── Records shown

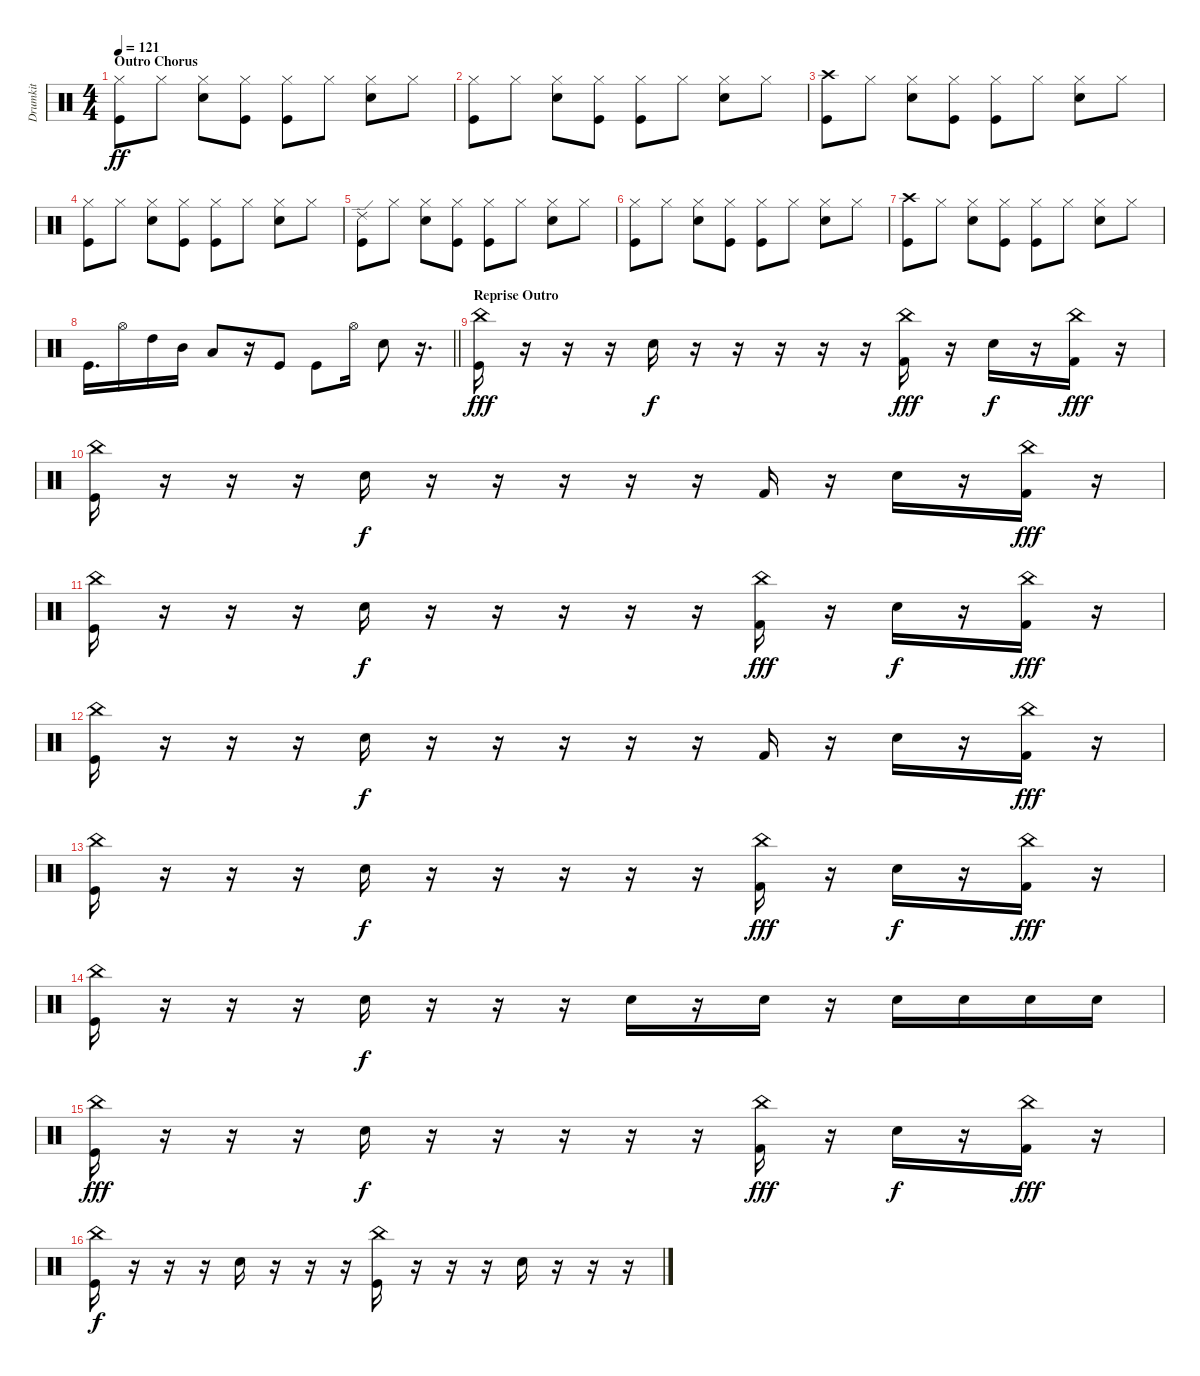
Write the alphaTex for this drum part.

\track ("Drumkit" "Drumkit") {instrument percussion}
\staff {score}
\articulation defaults
\ts (4 4)
\section ("" "Outro Chorus")
\tempo 121
\clef neutral
\ks c
("Kick (hit)" "Hi-Hat (closed)").8{dy ff} "Hi-Hat (closed)".8 ("Hi-Hat (closed)" "Snare (hit) 2").8 ("Kick (hit)" "Hi-Hat (closed)").8 ("Hi-Hat (closed)" "Kick (hit)").8 "Hi-Hat (closed)".8 ("Hi-Hat (closed)" "Snare (hit) 2").8 "Hi-Hat (closed)".8 |
("Kick (hit)" "Hi-Hat (closed)").8 "Hi-Hat (closed)".8 ("Hi-Hat (closed)" "Snare (hit) 2").8 ("Kick (hit)" "Hi-Hat (closed)").8 ("Hi-Hat (closed)" "Kick (hit)").8 "Hi-Hat (closed)".8 ("Hi-Hat (closed)" "Snare (hit) 2").8 "Hi-Hat (closed)".8 |
("Kick (hit)" "Crash high (hit)").8 "Hi-Hat (closed)".8 ("Hi-Hat (closed)" "Snare (hit) 2").8 ("Kick (hit)" "Hi-Hat (closed)").8 ("Hi-Hat (closed)" "Kick (hit)").8 "Hi-Hat (closed)".8 ("Hi-Hat (closed)" "Snare (hit) 2").8 "Hi-Hat (closed)".8 |
("Kick (hit)" "Hi-Hat (closed)").8 "Hi-Hat (closed)".8 ("Hi-Hat (closed)" "Snare (hit) 2").8 ("Kick (hit)" "Hi-Hat (closed)").8 ("Hi-Hat (closed)" "Kick (hit)").8 "Hi-Hat (closed)".8 ("Hi-Hat (closed)" "Snare (hit) 2").8 "Hi-Hat (closed)".8 |
("Kick (hit)" "Ride (edge) 2").8 "Hi-Hat (closed)".8 ("Hi-Hat (closed)" "Snare (hit) 2").8 ("Kick (hit)" "Hi-Hat (closed)").8 ("Hi-Hat (closed)" "Kick (hit)").8 "Hi-Hat (closed)".8 ("Hi-Hat (closed)" "Snare (hit) 2").8 "Hi-Hat (closed)".8 |
("Kick (hit)" "Hi-Hat (closed)").8 "Hi-Hat (closed)".8 ("Hi-Hat (closed)" "Snare (hit) 2").8 ("Kick (hit)" "Hi-Hat (closed)").8 ("Hi-Hat (closed)" "Kick (hit)").8 "Hi-Hat (closed)".8 ("Hi-Hat (closed)" "Snare (hit) 2").8 "Hi-Hat (closed)".8 |
("Kick (hit)" "Crash high (hit)").8 "Hi-Hat (closed)".8 ("Hi-Hat (closed)" "Snare (hit) 2").8 ("Kick (hit)" "Hi-Hat (closed)").8 ("Hi-Hat (closed)" "Kick (hit)").8 "Hi-Hat (closed)".8 ("Hi-Hat (closed)" "Snare (hit) 2").8 "Hi-Hat (closed)".8 |
\barLineRight lightlight "Kick (hit)".16{d} "Hi-Hat (open)".16 "High Tom (hit)".16 "Mid Tom (hit)".16 "Low Tom (hit)".8
r.16 "Kick (hit)".8 "Kick (hit)".8 "Hi-Hat (open)".16 "Snare (hit) 2".8 r.16{d} |
\section ("" "Reprise Outro")
("China (hit)" "Kick (hit)").16{dy fff} r.16 r.16 r.16 "Snare (hit) 2".16{dy f} r.16 r.16 r.16 r.16 r.16 ("China (hit)" "Kick (hit) 2").16{dy fff} r.16 "Snare (hit) 2".16{dy f} r.16 ("China (hit)" "Kick (hit) 2").16{dy fff} r.16 |
("China (hit)" "Kick (hit)").16 r.16 r.16 r.16 "Snare (hit) 2".16{dy f} r.16 r.16 r.16 r.16 r.16 "Kick (hit) 2".16 r.16 "Snare (hit) 2".16 r.16 ("China (hit)" "Kick (hit) 2").16{dy fff} r.16 |
("China (hit)" "Kick (hit)").16 r.16 r.16 r.16 "Snare (hit) 2".16{dy f} r.16 r.16 r.16 r.16 r.16 ("China (hit)" "Kick (hit) 2").16{dy fff} r.16 "Snare (hit) 2".16{dy f} r.16 ("China (hit)" "Kick (hit) 2").16{dy fff} r.16 |
("China (hit)" "Kick (hit)").16 r.16 r.16 r.16 "Snare (hit) 2".16{dy f} r.16 r.16 r.16 r.16 r.16 "Kick (hit) 2".16 r.16 "Snare (hit) 2".16 r.16 ("China (hit)" "Kick (hit) 2").16{dy fff} r.16 |
("China (hit)" "Kick (hit)").16 r.16 r.16 r.16 "Snare (hit) 2".16{dy f} r.16 r.16 r.16 r.16 r.16 ("China (hit)" "Kick (hit) 2").16{dy fff} r.16 "Snare (hit) 2".16{dy f} r.16 ("China (hit)" "Kick (hit) 2").16{dy fff} r.16 |
("China (hit)" "Kick (hit)").16 r.16 r.16 r.16 "Snare (hit) 2".16{dy f} r.16 r.16 r.16 "Snare (hit) 2".16 r.16 "Snare (hit) 2".16 r.16 "Snare (hit) 2".16 "Snare (hit) 2".16 "Snare (hit) 2".16 "Snare (hit) 2".16 |
("China (hit)" "Kick (hit)").16{dy fff} r.16 r.16 r.16 "Snare (hit) 2".16{dy f} r.16 r.16 r.16 r.16 r.16 ("China (hit)" "Kick (hit) 2").16{dy fff} r.16 "Snare (hit) 2".16{dy f} r.16 ("China (hit)" "Kick (hit) 2").16{dy fff} r.16 |
("China (hit)" "Kick (hit)").16{dy f} r.16 r.16 r.16 "Snare (hit) 2".16 r.16 r.16 r.16 ("China (hit)" "Kick (hit)").16 r.16 r.16 r.16 "Snare (hit) 2".16 r.16 r.16 r.16

────

> What to work on: Repeat the records in full, exactly as they appear, but with the pictures removed.

> Answer box:
Write the alphaTex for this drum part.

\track ("Drumkit" "Drumkit") {instrument percussion}
\staff {score}
\articulation defaults
\ts (4 4)
\section ("" "Outro Chorus")
\tempo 121
\clef neutral
\ks c
("Kick (hit)" "Hi-Hat (closed)").8{dy ff} "Hi-Hat (closed)".8 ("Hi-Hat (closed)" "Snare (hit) 2").8 ("Kick (hit)" "Hi-Hat (closed)").8 ("Hi-Hat (closed)" "Kick (hit)").8 "Hi-Hat (closed)".8 ("Hi-Hat (closed)" "Snare (hit) 2").8 "Hi-Hat (closed)".8 |
("Kick (hit)" "Hi-Hat (closed)").8 "Hi-Hat (closed)".8 ("Hi-Hat (closed)" "Snare (hit) 2").8 ("Kick (hit)" "Hi-Hat (closed)").8 ("Hi-Hat (closed)" "Kick (hit)").8 "Hi-Hat (closed)".8 ("Hi-Hat (closed)" "Snare (hit) 2").8 "Hi-Hat (closed)".8 |
("Kick (hit)" "Crash high (hit)").8 "Hi-Hat (closed)".8 ("Hi-Hat (closed)" "Snare (hit) 2").8 ("Kick (hit)" "Hi-Hat (closed)").8 ("Hi-Hat (closed)" "Kick (hit)").8 "Hi-Hat (closed)".8 ("Hi-Hat (closed)" "Snare (hit) 2").8 "Hi-Hat (closed)".8 |
("Kick (hit)" "Hi-Hat (closed)").8 "Hi-Hat (closed)".8 ("Hi-Hat (closed)" "Snare (hit) 2").8 ("Kick (hit)" "Hi-Hat (closed)").8 ("Hi-Hat (closed)" "Kick (hit)").8 "Hi-Hat (closed)".8 ("Hi-Hat (closed)" "Snare (hit) 2").8 "Hi-Hat (closed)".8 |
("Kick (hit)" "Ride (edge) 2").8 "Hi-Hat (closed)".8 ("Hi-Hat (closed)" "Snare (hit) 2").8 ("Kick (hit)" "Hi-Hat (closed)").8 ("Hi-Hat (closed)" "Kick (hit)").8 "Hi-Hat (closed)".8 ("Hi-Hat (closed)" "Snare (hit) 2").8 "Hi-Hat (closed)".8 |
("Kick (hit)" "Hi-Hat (closed)").8 "Hi-Hat (closed)".8 ("Hi-Hat (closed)" "Snare (hit) 2").8 ("Kick (hit)" "Hi-Hat (closed)").8 ("Hi-Hat (closed)" "Kick (hit)").8 "Hi-Hat (closed)".8 ("Hi-Hat (closed)" "Snare (hit) 2").8 "Hi-Hat (closed)".8 |
("Kick (hit)" "Crash high (hit)").8 "Hi-Hat (closed)".8 ("Hi-Hat (closed)" "Snare (hit) 2").8 ("Kick (hit)" "Hi-Hat (closed)").8 ("Hi-Hat (closed)" "Kick (hit)").8 "Hi-Hat (closed)".8 ("Hi-Hat (closed)" "Snare (hit) 2").8 "Hi-Hat (closed)".8 |
\barLineRight lightlight "Kick (hit)".16{d} "Hi-Hat (open)".16 "High Tom (hit)".16 "Mid Tom (hit)".16 "Low Tom (hit)".8
r.16 "Kick (hit)".8 "Kick (hit)".8 "Hi-Hat (open)".16 "Snare (hit) 2".8 r.16{d} |
\section ("" "Reprise Outro")
("China (hit)" "Kick (hit)").16{dy fff} r.16 r.16 r.16 "Snare (hit) 2".16{dy f} r.16 r.16 r.16 r.16 r.16 ("China (hit)" "Kick (hit) 2").16{dy fff} r.16 "Snare (hit) 2".16{dy f} r.16 ("China (hit)" "Kick (hit) 2").16{dy fff} r.16 |
("China (hit)" "Kick (hit)").16 r.16 r.16 r.16 "Snare (hit) 2".16{dy f} r.16 r.16 r.16 r.16 r.16 "Kick (hit) 2".16 r.16 "Snare (hit) 2".16 r.16 ("China (hit)" "Kick (hit) 2").16{dy fff} r.16 |
("China (hit)" "Kick (hit)").16 r.16 r.16 r.16 "Snare (hit) 2".16{dy f} r.16 r.16 r.16 r.16 r.16 ("China (hit)" "Kick (hit) 2").16{dy fff} r.16 "Snare (hit) 2".16{dy f} r.16 ("China (hit)" "Kick (hit) 2").16{dy fff} r.16 |
("China (hit)" "Kick (hit)").16 r.16 r.16 r.16 "Snare (hit) 2".16{dy f} r.16 r.16 r.16 r.16 r.16 "Kick (hit) 2".16 r.16 "Snare (hit) 2".16 r.16 ("China (hit)" "Kick (hit) 2").16{dy fff} r.16 |
("China (hit)" "Kick (hit)").16 r.16 r.16 r.16 "Snare (hit) 2".16{dy f} r.16 r.16 r.16 r.16 r.16 ("China (hit)" "Kick (hit) 2").16{dy fff} r.16 "Snare (hit) 2".16{dy f} r.16 ("China (hit)" "Kick (hit) 2").16{dy fff} r.16 |
("China (hit)" "Kick (hit)").16 r.16 r.16 r.16 "Snare (hit) 2".16{dy f} r.16 r.16 r.16 "Snare (hit) 2".16 r.16 "Snare (hit) 2".16 r.16 "Snare (hit) 2".16 "Snare (hit) 2".16 "Snare (hit) 2".16 "Snare (hit) 2".16 |
("China (hit)" "Kick (hit)").16{dy fff} r.16 r.16 r.16 "Snare (hit) 2".16{dy f} r.16 r.16 r.16 r.16 r.16 ("China (hit)" "Kick (hit) 2").16{dy fff} r.16 "Snare (hit) 2".16{dy f} r.16 ("China (hit)" "Kick (hit) 2").16{dy fff} r.16 |
("China (hit)" "Kick (hit)").16{dy f} r.16 r.16 r.16 "Snare (hit) 2".16 r.16 r.16 r.16 ("China (hit)" "Kick (hit)").16 r.16 r.16 r.16 "Snare (hit) 2".16 r.16 r.16 r.16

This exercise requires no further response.